Locally determined actions - Woodbridge • Safe space and student mediators with student management group – from responsive funding. • Work with charity to develop strategies to combat bullying – slowed by problems with first charity. • Motivational work targeting disaffected year-10 students – some misgivings about targeting but did appear to re-engage these boys. • Delivery driven by senior staff leading.
Quote - student, Woodbridge • It was just a group of young Black boys, and was, like, why is it just us? Why? You know what I mean? Like, are we the only ones failing in this school? Like, we know that’s not the case. But then when we got involved with [motivational leader] and met [him] then we understood why. We learnt a lot… Before, when I had problems I used to come into school, and I used to let my outside problems affect me in school but whereas when the Healthy Ethos Project was introduced … I could, like, talk to my teachers ‘cause it helped me build relationships with my teachers. And teachers would work with me, and help me get my learning…
Locally determined actions - Hillside • Safe space and student mediators – building on existing prefect system but improving training, equipment and representation. • Reviewing the rewards policy – little progress because led by relatively junior staff-member and went against grain of rewarding academic achievement. • Electronic communication boards with student editorial group – funded responsively after initial querying fit with aims.
Quote - facilitator We had one of the heads of year working on it. But she didn’t have the seniority to bring about the, kind of, changes that were needed. I – Was that the main reason then? Well, yeah, because there was a certain reluctance to engage in a debate about who should be rewarded and what for. Was it going to be rewards for – they had a, sort of, very much a traditional format about, you know, the high achievers were being rewarded.
Awareness of project • High – 67% recognised ‘a project to make the school better’ and 60% recognised ‘Healthy School Ethos’. • 66% aware of revisions to rules even higher, and approval of rules was higher in intervention schools.
Acceptability • Interviews suggested all components were acceptable and some very popular indeed. • Interviews suggested many staff and students who had participated in some actions or not at all had only sketchy idea of the overall project. • Suggested improvements included: better name; more student input; more time; fewer pre-set and more locally determined actions.

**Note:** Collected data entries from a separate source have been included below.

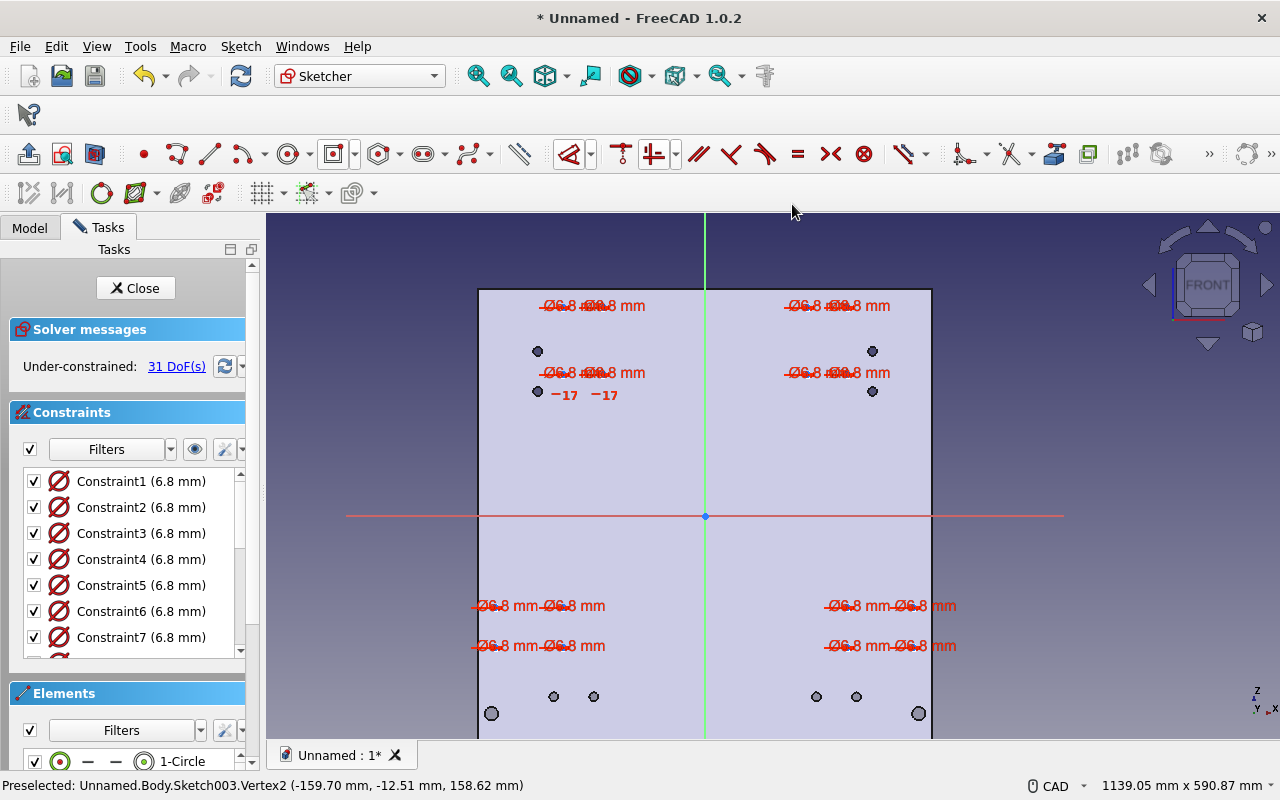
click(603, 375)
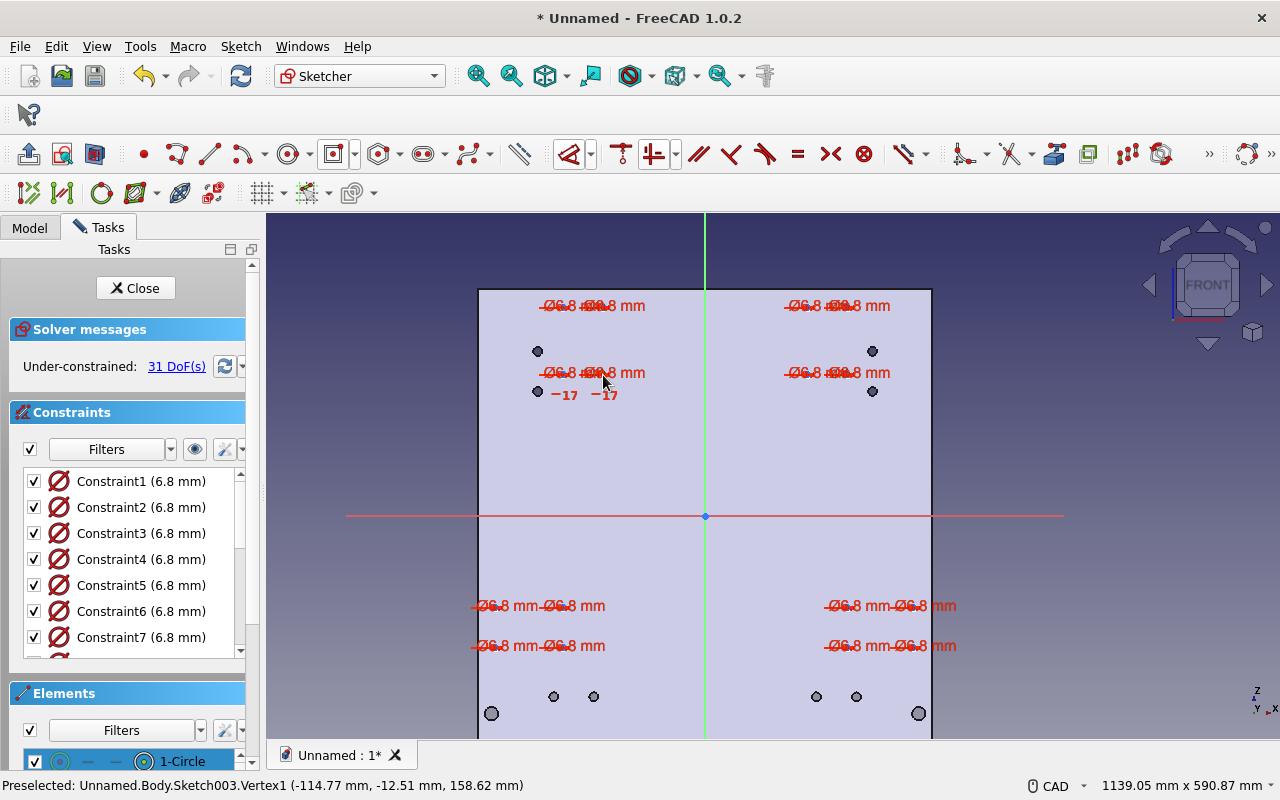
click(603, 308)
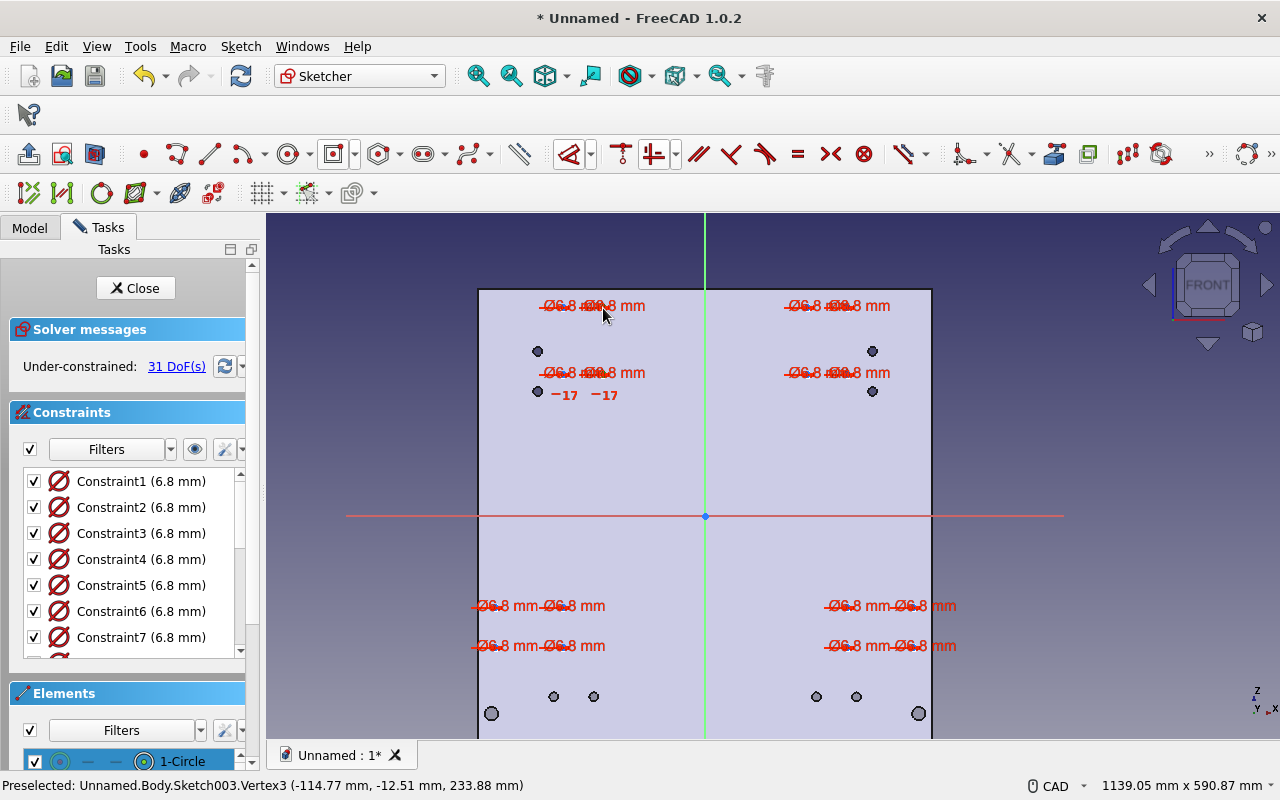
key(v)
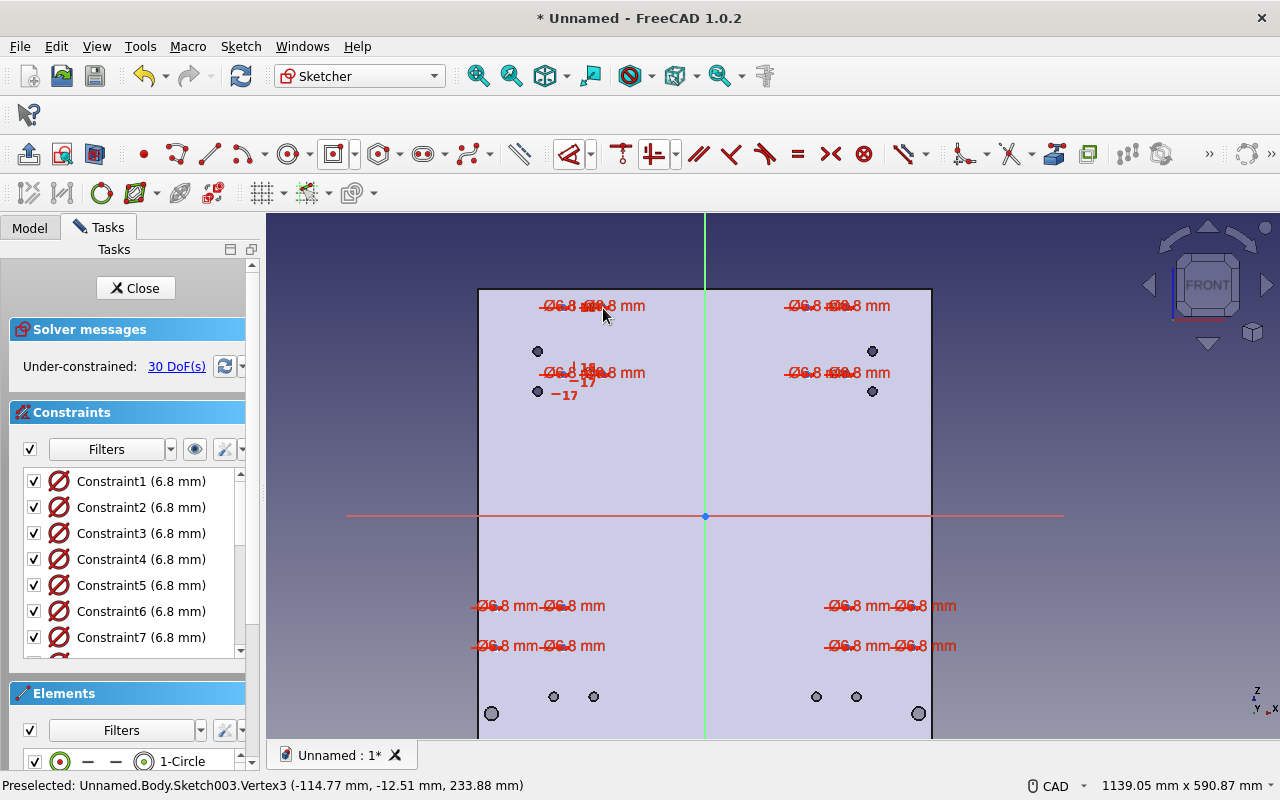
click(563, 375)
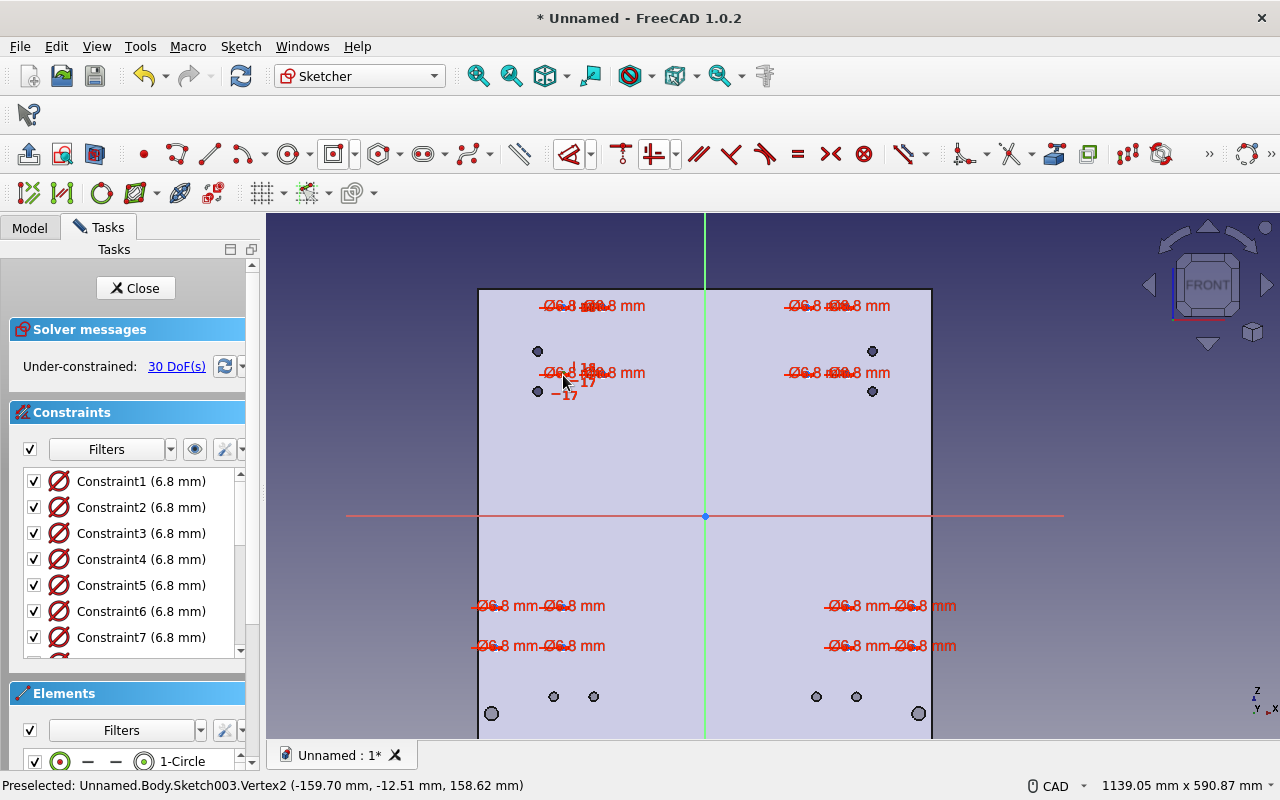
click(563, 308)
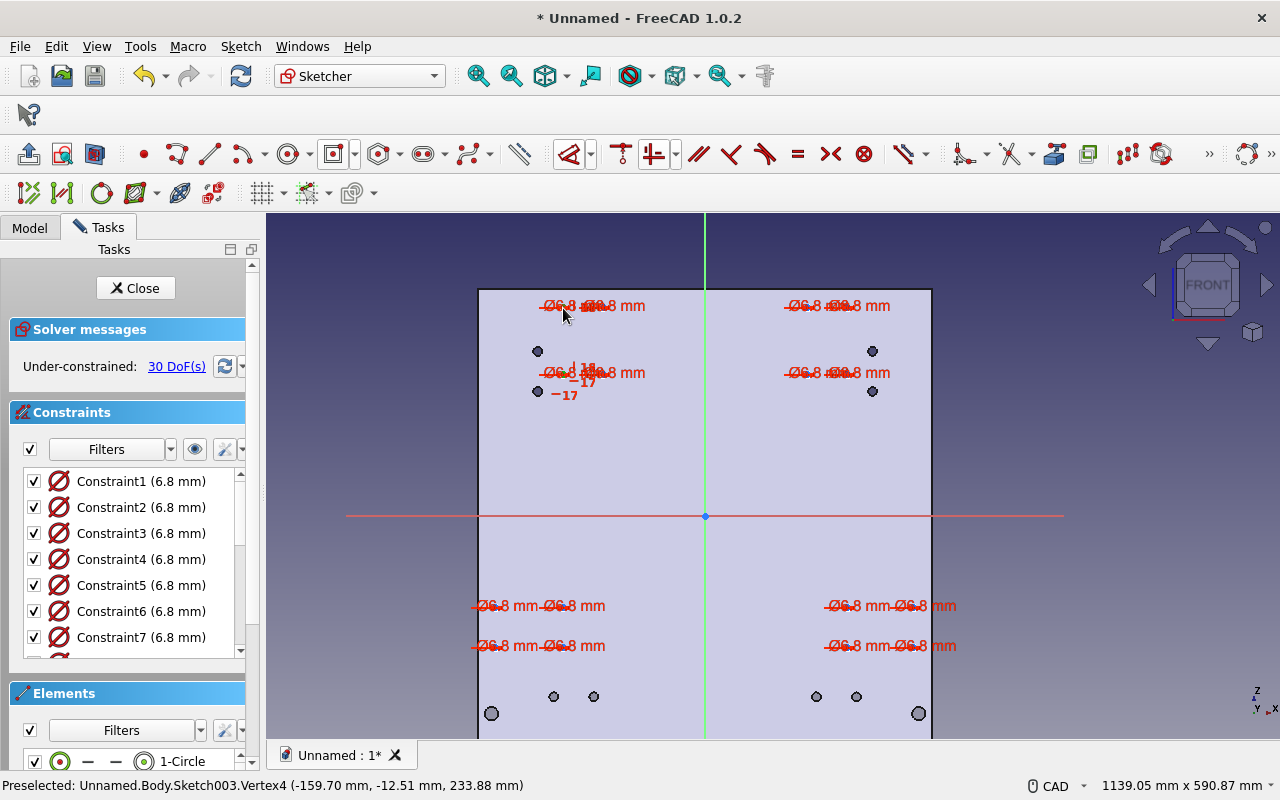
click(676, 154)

Conclusions - feasibility, awareness and acceptability • The intervention was feasible in 2 English schools despite their strong focus on targets, inspections and league tables. • Both schools implemented a broadly similar range of actions. • The project was known about but not always fully understood by staff and students. • Student participation was popular and may be a key mechanism of action.
Conclusions – factors influencing success Actions were more successful when they: • Fitted local priorities. • Built on some aspects of existing ethos. • Were led by senior staff.
Conclusions – factors influencing success Actions were less successful where they: • Took no account of existing practice. • Were not clearly specified. • Were led by junior staff with insufficient support. • Went too directly/quickly against the grain.
Study limitations • Only 2 schools but diverse and likely to be representative in terms of external pressures faced. • We didn’t interview everyone but we did have broader informal discussions which appear to confirm our results. • We didn’t aim to assess outcomes since our sample and time-period was limited.
Implications for research and policy • Move to a full trial of this intervention combined with social/emotional skills curriculum. • Refocus training on enabling teachers to integrate social/emotional learning into the mainstream curriculum. • If the intervention proves effective then use it as a basis for schools to promote positive ethos as part of the National Healthy Schools Programme.